Collect data from larger sample (N > 200)
Exploratory Factor Analysis (EFA)
Item analysis (correlations, distributions)
Calculate reliability (α)

6

Confirmatory Testing

New sample for Confirmatory Factor Analysis
Test convergent/discriminant validity
Assess criterion validity
Test-retest reliability

7

Cross-Validation

Test in different populations
Test measurement invariance
Establish norms if applicable
Publish and disseminate

Using Existing Scales

When to Use Existing Scales:

Well-validated scale already exists
Want to compare with previous research
Limited time/resources for development
Need established norms

Criteria for Selecting a Scale:

Theoretical fit

Does the conceptual definition match yours?

Validity evidence

Has validity been established? In what populations?

Reliability evidence

What are reported reliability coefficients?
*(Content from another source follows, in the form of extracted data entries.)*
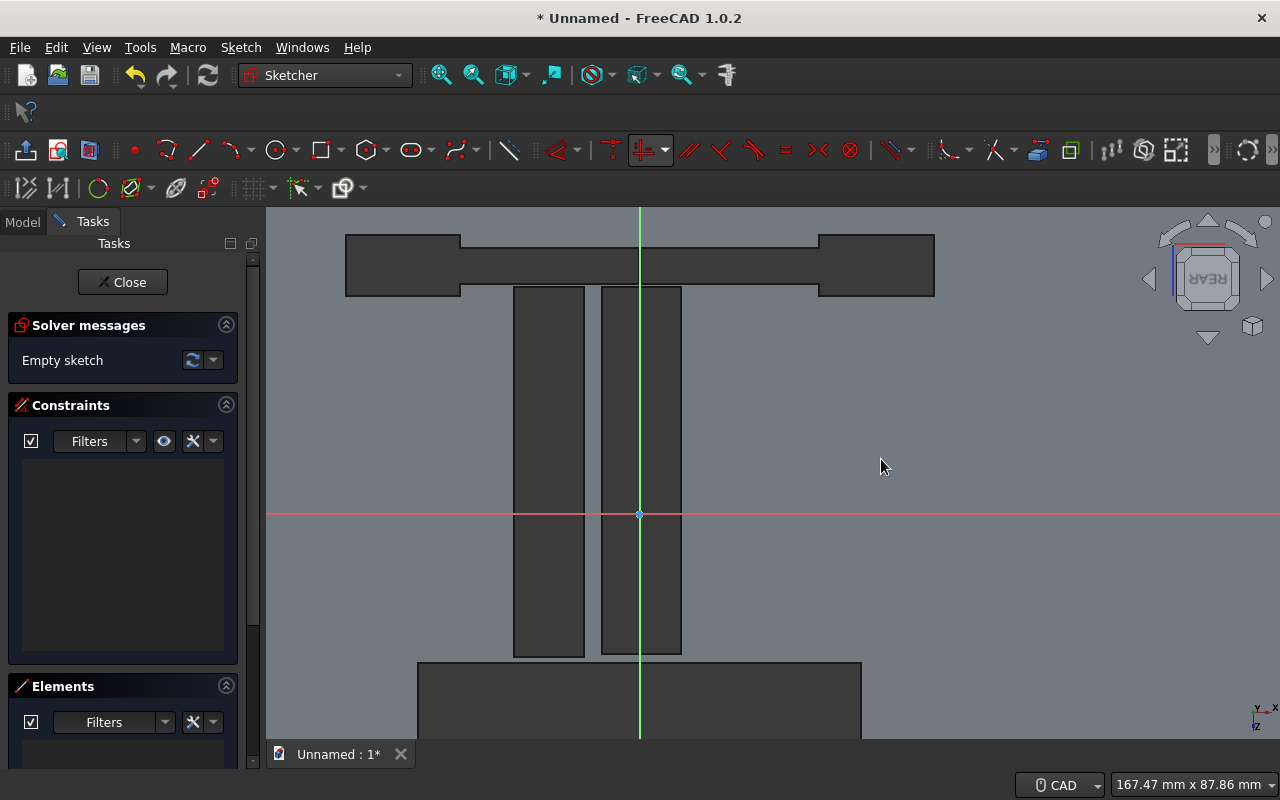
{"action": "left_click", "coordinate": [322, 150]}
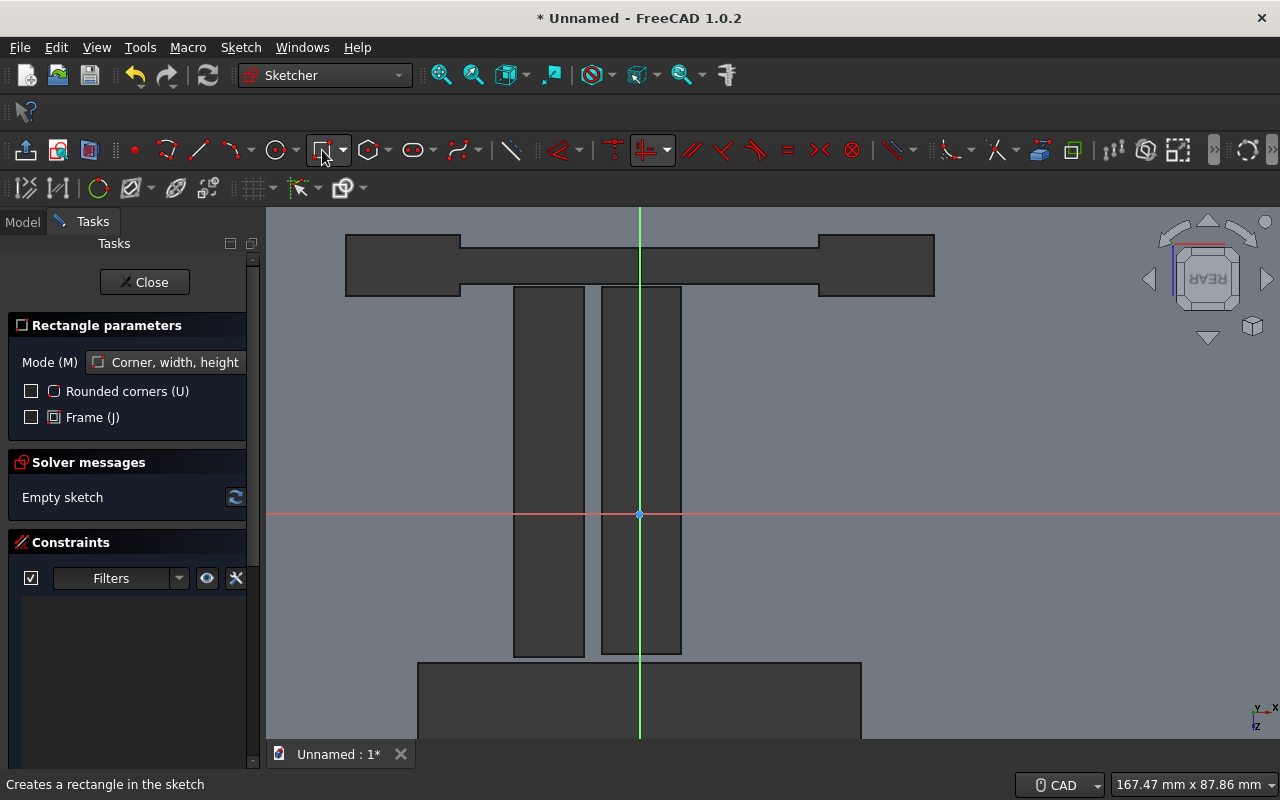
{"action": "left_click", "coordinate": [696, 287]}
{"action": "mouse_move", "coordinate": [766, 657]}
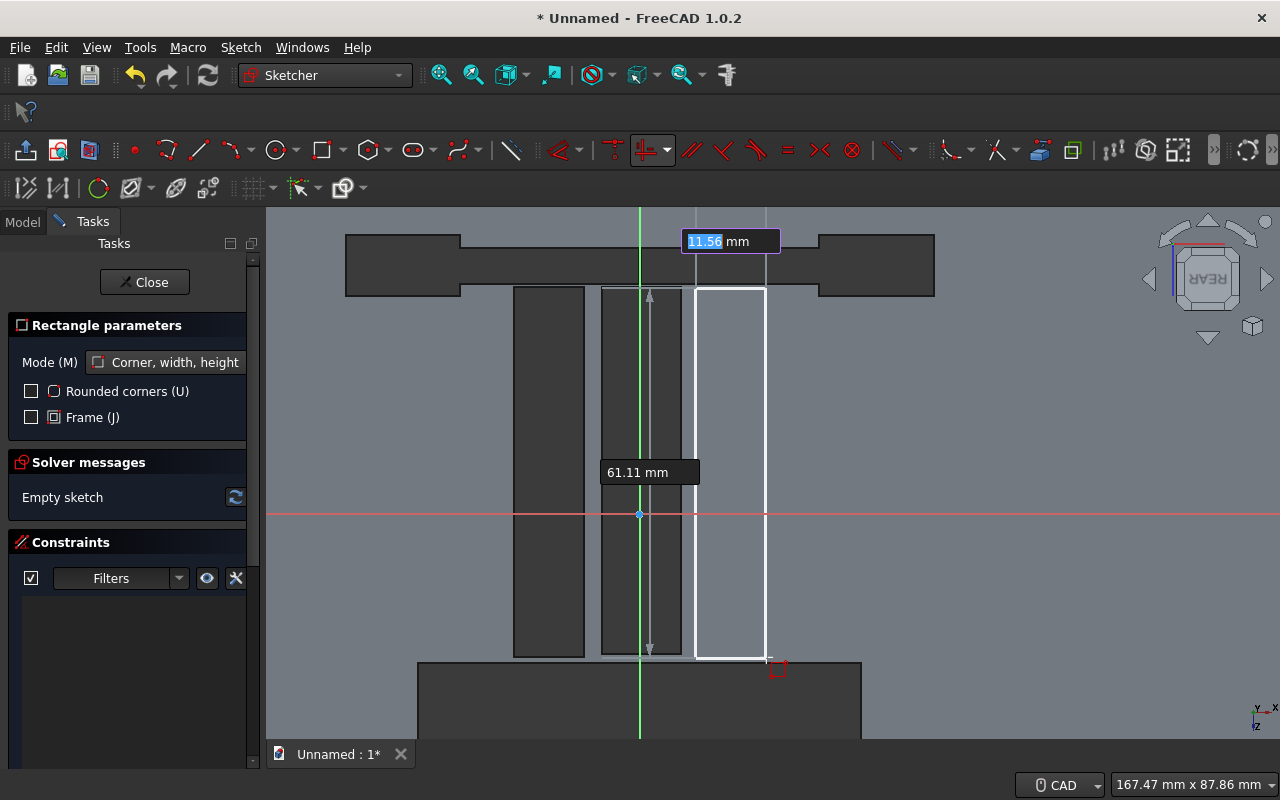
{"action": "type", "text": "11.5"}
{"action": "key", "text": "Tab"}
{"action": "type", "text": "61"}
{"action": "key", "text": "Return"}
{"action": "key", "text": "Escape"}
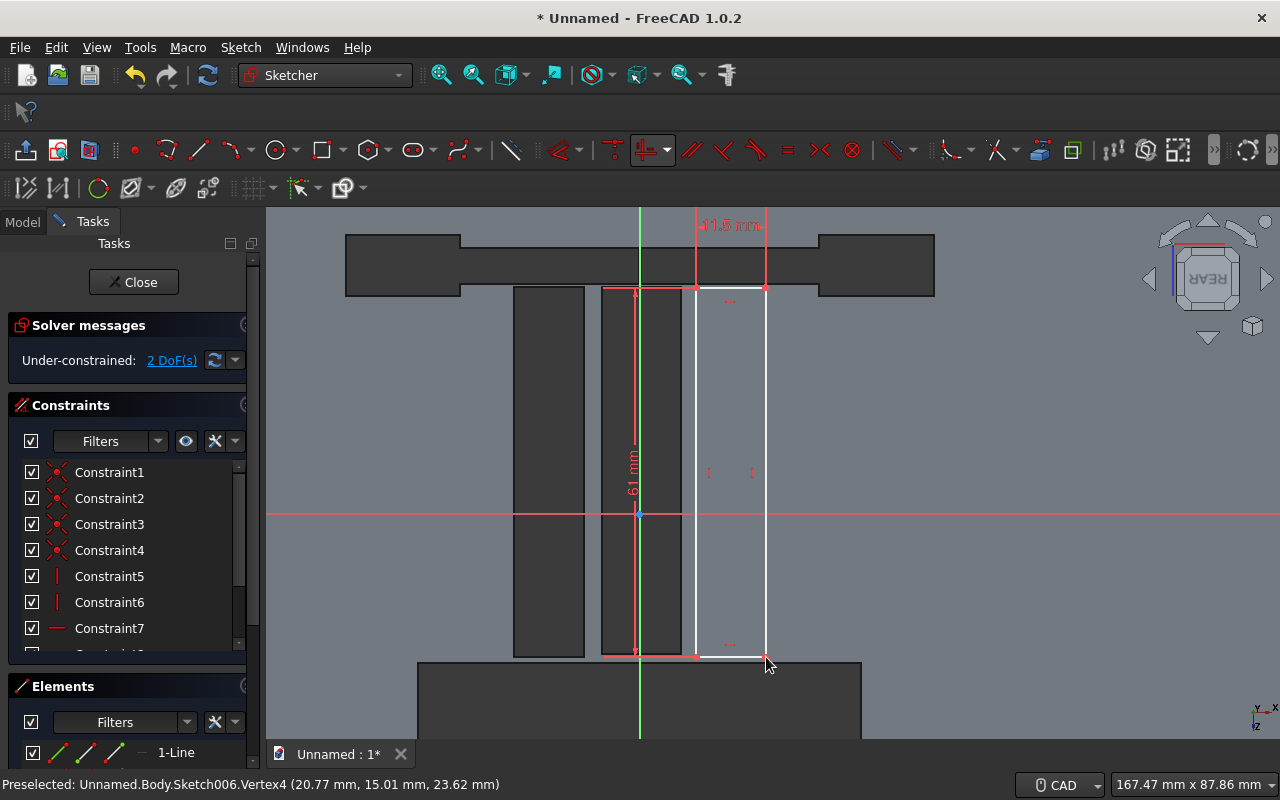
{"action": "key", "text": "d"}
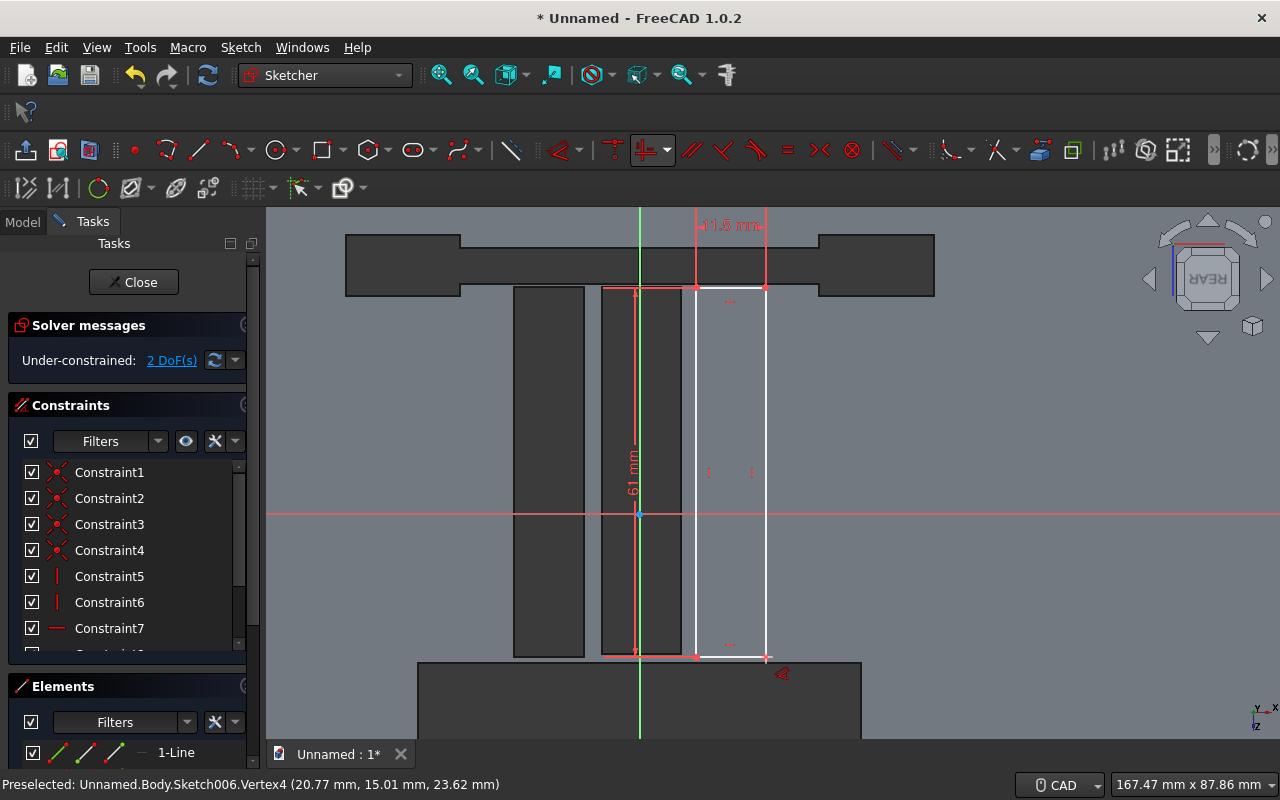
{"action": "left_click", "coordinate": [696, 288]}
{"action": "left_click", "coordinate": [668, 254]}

Population appropriateness

Was it validated on similar population?

Practical considerations

Length, language, cost, permissions

Citation count

How widely used? (check Google Scholar)

Where to Find Existing Scales:

Published articles: Check methods sections
PsycTESTS: APA database of psychological tests
RAND Health Care: Free validated health measures
Measurement instrument databases: PROMIS, NIH Toolbox
Systematic reviews: Reviews of measures in specific areas
Original authors: Contact for permissions and materials

                                    Important Considerations
                                    Permission: Many scales require permission or purchase
Modification: Changes may affect validity—report any modifications
Translation: Validated translation required if using in different language
Cultural adaptation: May need adaptation for different cultures
Re-validation: Consider validating in your specific population

                                

Item Writing Guidelines

DO

Keep items short and simple
Use clear, concrete language
Focus on one idea per item
Use active voice
Write at appropriate reading level
Include both positive and negative items
Match items to target population

AVOID

Double-barreled items ("I am happy and healthy")
Double negatives
Jargon or technical terms
Leading or loaded language
Absolute terms ("always," "never")
Hypothetical situations
Items all keyed in same direction

                                    Quick Checklist for Your Measure
                                    ☐ Construct clearly defined
☐ Items reviewed by experts
☐ Pilot tested for clarity
☐ Reliability calculated and reported
☐ Validity evidence provided
☐ Appropriate for your population
☐ Permissions obtained (if using existing scale)
☐ Any modifications documented

                                

Summary

Module 07 Key Takeaways

What You've Learned

Measurement involves operationalizing abstract concepts into measurable variables
Four levels of measurement (nominal, ordinal, interval, ratio) determine appropriate statistics
Validity asks "Are we measuring what we think we're measuring?" (face, content, construct, criterion)
Reliability asks "Are we measuring consistently?" (test-retest, internal consistency, inter-rater)
Scale development is rigorous; using existing validated scales is often preferred

Next Steps

In Module 08: Ethics in Research, you'll learn about ethical principles and guidelines for conducting research, including informed consent, IRB approval, protecting participants, and responsible conduct of research.

Continue to Module 08

Practice

Measurement Practice Exercises

Applied Measurement Tasks

Operationalization: Choose a construct (e.g., "student engagement") and:
- Write a conceptual definition
- Identify 3-4 dimensions
- Create 2-3 indicators for each dimension
Level Identification: Classify these variables by level of measurement:
- Political party affiliation
- Customer satisfaction (1-10)
- Response time in seconds
- Pain severity (none/mild/moderate/severe)
- Temperature in Kelvin
Scale Selection: Find an existing validated scale for a construct related to your research interest:
- Document validity and reliability evidence
- Identify the population it was validated on
- Assess appropriateness for your study
Item Critique: Identify problems with these items:
- "I never sometimes feel stressed"
- "How satisfied are you with your salary and benefits?"
- "Don't you think exercise is important?"
Reliability Practice: Calculate Cronbach's alpha for a short scale using SPSS, R, or online calculator. Interpret the result.